握過伊爾莎·布勞克曼的手後——不管有多短暫——弗蘭克現在滿腦子想的唸的都是這件事,而且一面吃蛋一面談音樂比他想象的困難許多。不過,那場莫名其妙的口角將兩人的關係推進到了一個新境地。那場爭執像是某種洗滌,讓弗蘭克想起了海邊白屋的花園,在炎熱的夏季裡,它看起來是那麼荒蕪,高溫和鹹鹹的海風將一切摧殘殆盡,但只要下了雨,就會再度充滿繽紛的新色彩與芬芳的氣息,宛如穿上一件嶄新的外衣。

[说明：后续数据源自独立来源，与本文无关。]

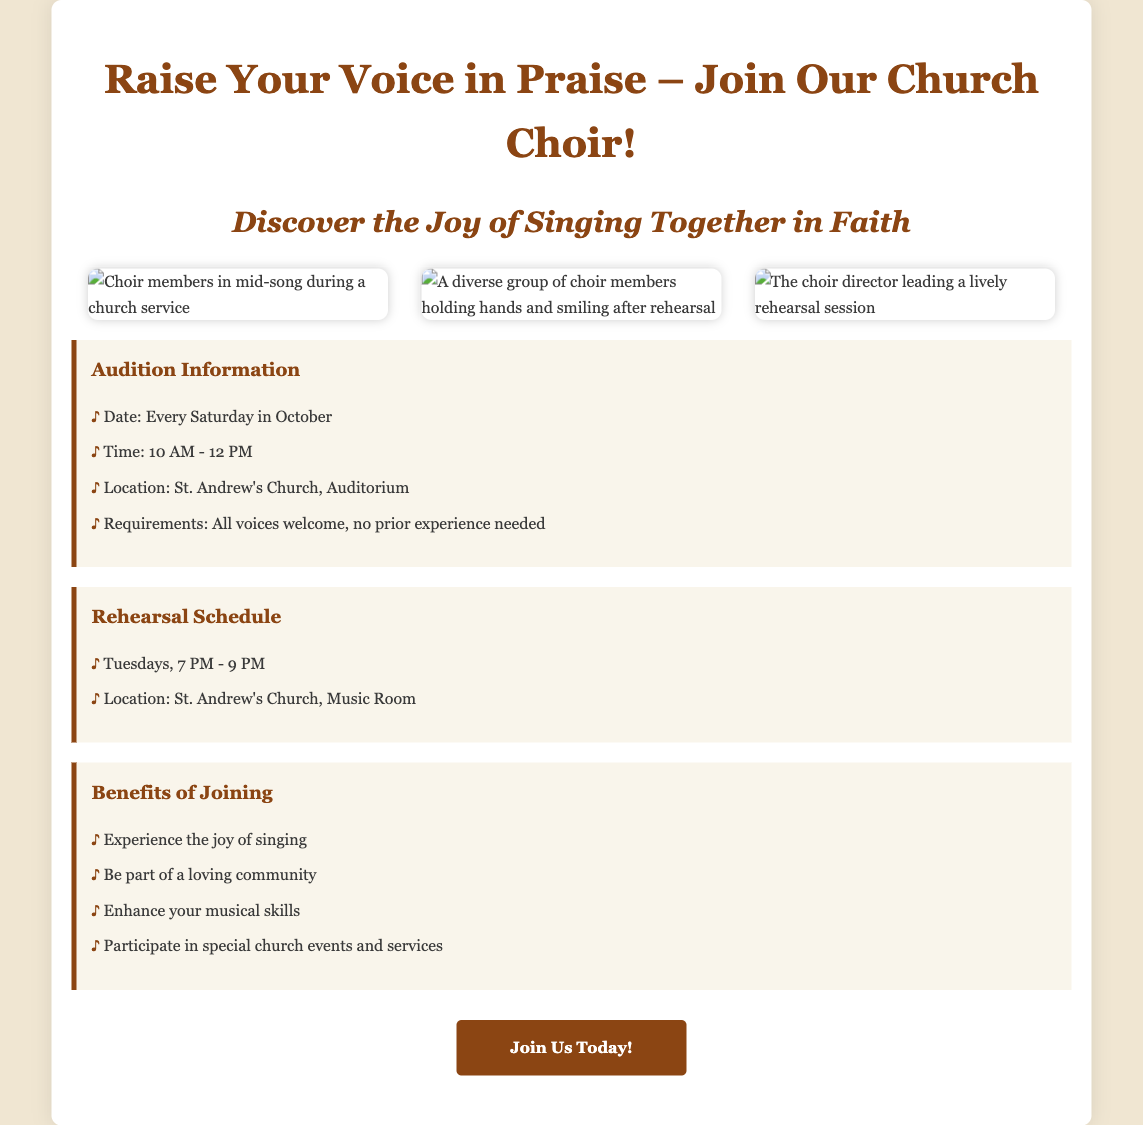What is the motto of the choir? The motto of the choir is presented in the title of the advertisement, emphasizing the act of praise through singing.
Answer: Raise Your Voice in Praise When do the auditions take place? The auditions are scheduled every Saturday in October according to the audition information provided.
Answer: Every Saturday in October What time do auditions start? The document specifies the time for auditions, which is stated in the audition information section.
Answer: 10 AM Where are the rehearsals held? The rehearsal location is mentioned in the rehearsal schedule section of the advertisement.
Answer: St. Andrew's Church, Music Room What is one requirement for joining the choir? The advertisement lists requirements for auditions, indicating the inclusivity of the choir membership.
Answer: No prior experience needed What day of the week are rehearsals scheduled? The document clearly states the day and time for rehearsals, helping potential members know when to attend.
Answer: Tuesdays What benefit is mentioned about joining the choir? The advertisement highlights several benefits of joining, focusing on the positive experiences of members.
Answer: Experience the joy of singing How long do rehearsals last? The rehearsal schedule provides details on the duration of the sessions, indicating a set timeframe for each.
Answer: 2 hours 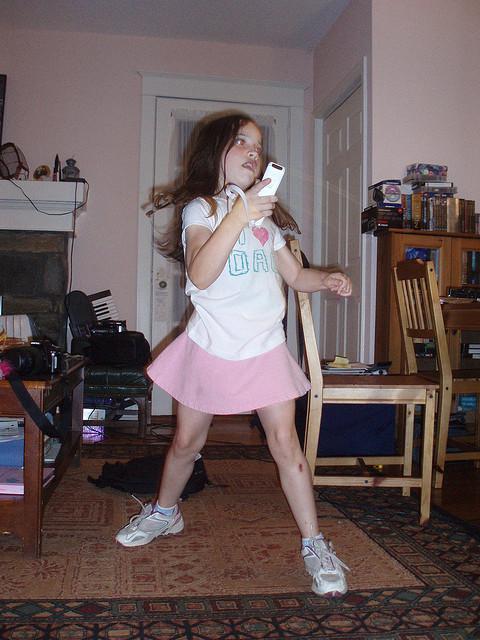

伊爾莎說:「老天,弗蘭克,我好喜歡你給我的那些唱片。今天上班時我就盼著能趕快來上課。」
他想象她坐在一間有著大辦公桌和一整排電話的辦公室內。時尚業,他猜,也或許她和未婚夫一起工作。他不需要知道更多。這樣也好,因為她又說了:「我的老天!詹姆斯·布朗!《聖禱》!還有普契尼!我甚至連呼吸都無法……還有《通往天國之梯》,我愛死那首歌了!你今天又給我帶了什麼唱片?」
弗蘭克說,音樂能傳達文字無法傳達之物,而這就是他第三堂課的主題。可惜的是,桌面不夠大,他無法擺出所有唱片。畢竟還有餐盤、茶壺、調味罐等其他東西。所以,他只是像舉牌般一張一張給她看。他說,今天,她將會認識朋克、一名哭泣的皇后、一名公爵,還有一位穿西裝的男士。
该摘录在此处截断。